> **Data to use**:
%%
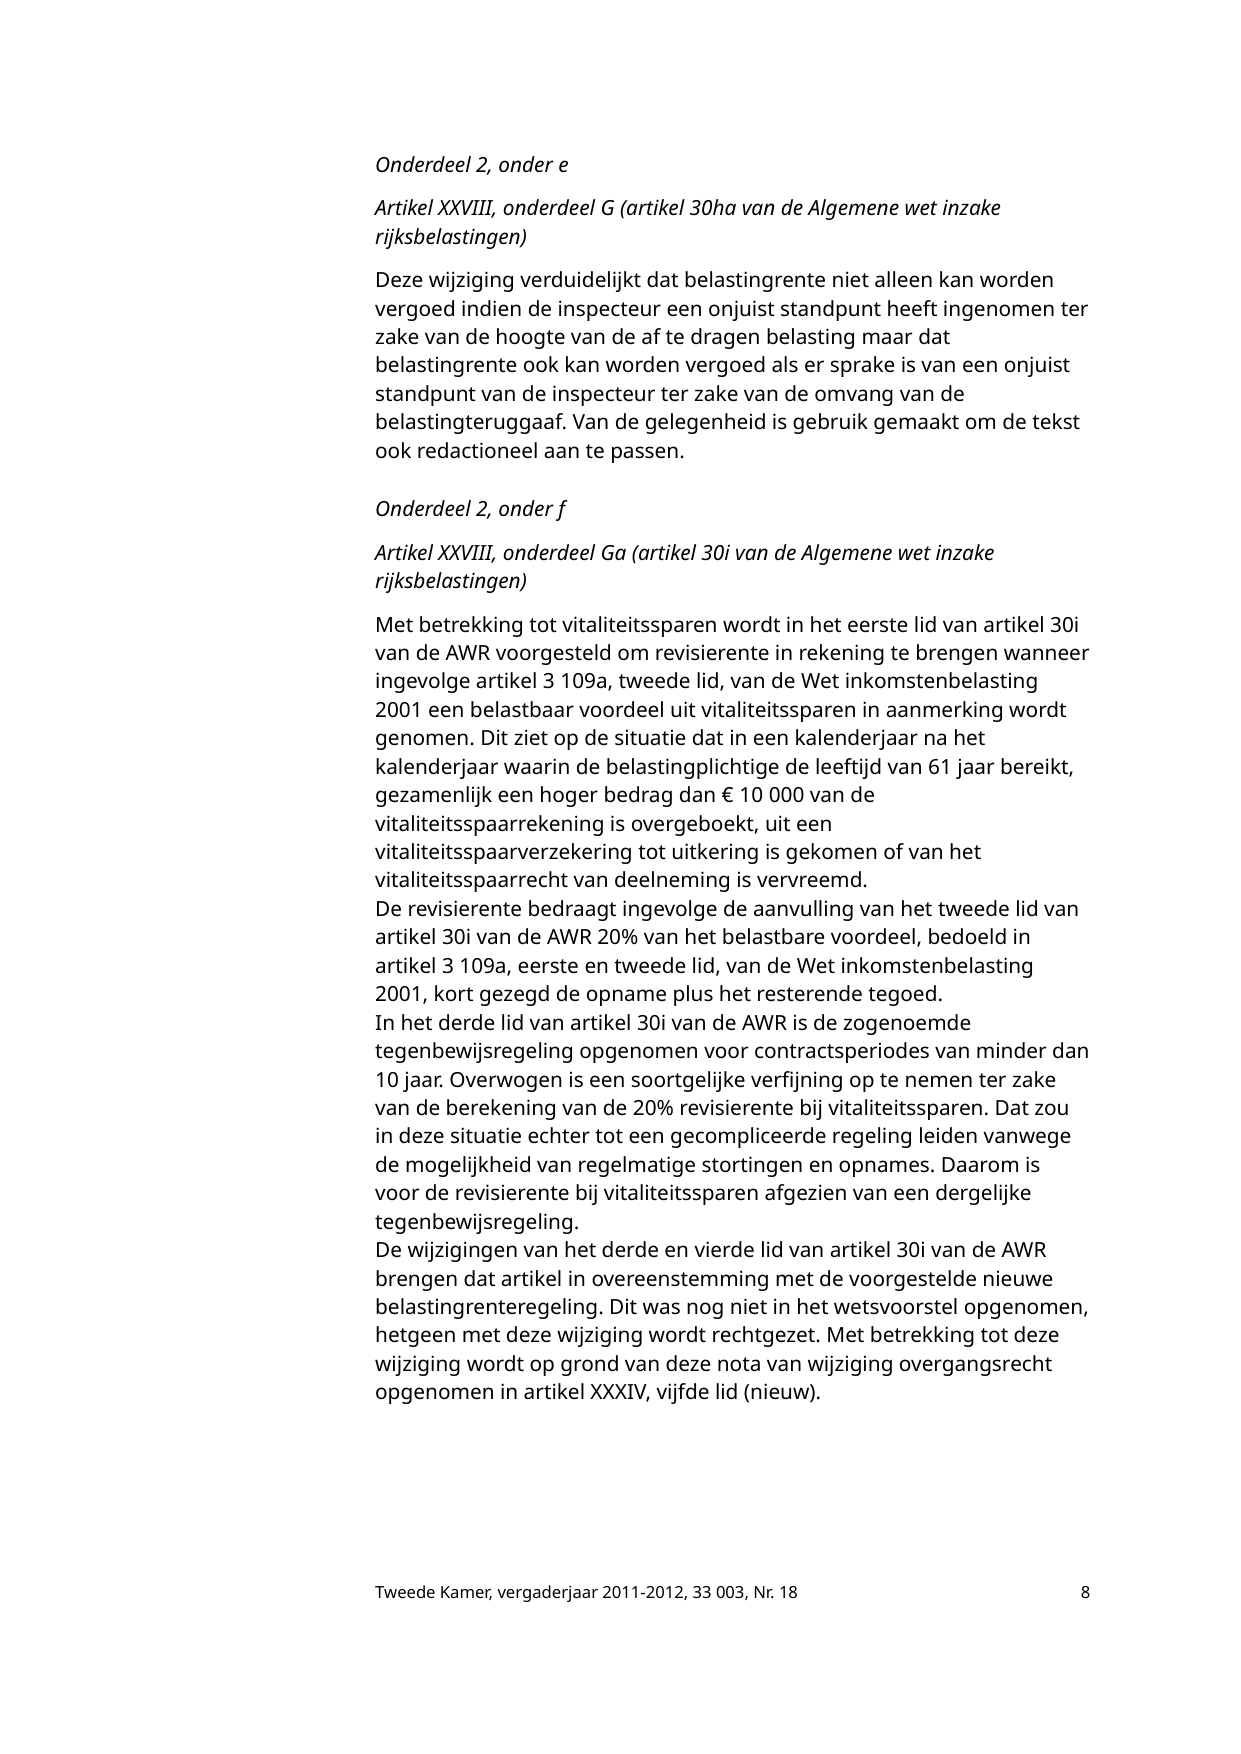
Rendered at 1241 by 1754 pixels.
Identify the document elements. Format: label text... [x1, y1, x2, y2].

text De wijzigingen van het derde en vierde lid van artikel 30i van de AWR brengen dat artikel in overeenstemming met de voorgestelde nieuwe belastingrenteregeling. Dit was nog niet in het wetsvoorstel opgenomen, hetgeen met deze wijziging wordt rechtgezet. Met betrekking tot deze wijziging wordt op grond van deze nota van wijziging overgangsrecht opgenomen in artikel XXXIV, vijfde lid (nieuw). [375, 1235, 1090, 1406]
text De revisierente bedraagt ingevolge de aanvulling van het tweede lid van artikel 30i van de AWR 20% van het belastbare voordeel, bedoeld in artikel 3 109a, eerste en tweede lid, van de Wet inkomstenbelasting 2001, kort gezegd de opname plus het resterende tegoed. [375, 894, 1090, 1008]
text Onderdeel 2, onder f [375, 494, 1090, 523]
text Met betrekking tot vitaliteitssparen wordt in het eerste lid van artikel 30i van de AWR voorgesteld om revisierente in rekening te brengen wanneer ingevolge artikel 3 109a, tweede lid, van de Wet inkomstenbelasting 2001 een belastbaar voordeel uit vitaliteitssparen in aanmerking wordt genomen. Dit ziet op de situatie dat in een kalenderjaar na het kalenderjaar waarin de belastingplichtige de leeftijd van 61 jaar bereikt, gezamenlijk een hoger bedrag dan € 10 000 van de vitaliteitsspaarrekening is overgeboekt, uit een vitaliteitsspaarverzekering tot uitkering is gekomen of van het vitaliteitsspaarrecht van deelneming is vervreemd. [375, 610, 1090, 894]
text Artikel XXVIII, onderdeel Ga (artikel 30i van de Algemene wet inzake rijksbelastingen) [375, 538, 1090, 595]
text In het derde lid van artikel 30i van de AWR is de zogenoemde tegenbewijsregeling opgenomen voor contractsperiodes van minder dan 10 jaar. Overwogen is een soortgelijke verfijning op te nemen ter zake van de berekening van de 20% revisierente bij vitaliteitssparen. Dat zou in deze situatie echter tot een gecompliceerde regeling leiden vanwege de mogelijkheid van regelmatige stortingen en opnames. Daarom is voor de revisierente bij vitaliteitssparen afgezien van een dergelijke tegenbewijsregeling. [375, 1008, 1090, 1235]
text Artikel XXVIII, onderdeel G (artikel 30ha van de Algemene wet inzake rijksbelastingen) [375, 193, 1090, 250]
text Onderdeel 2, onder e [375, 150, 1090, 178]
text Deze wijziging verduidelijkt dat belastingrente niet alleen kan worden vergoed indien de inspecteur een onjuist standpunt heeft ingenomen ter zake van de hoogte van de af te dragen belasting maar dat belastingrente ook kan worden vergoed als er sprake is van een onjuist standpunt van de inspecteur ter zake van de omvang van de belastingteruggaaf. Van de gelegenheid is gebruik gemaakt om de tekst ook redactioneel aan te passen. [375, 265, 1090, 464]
%%
Return the lines of the listing where the string "inzake" appears.

text Artikel XXVIII, onderdeel Ga (artikel 30i van de Algemene wet inzake rijksbelastingen) [375, 538, 1090, 595]
text Artikel XXVIII, onderdeel G (artikel 30ha van de Algemene wet inzake rijksbelastingen) [375, 193, 1090, 250]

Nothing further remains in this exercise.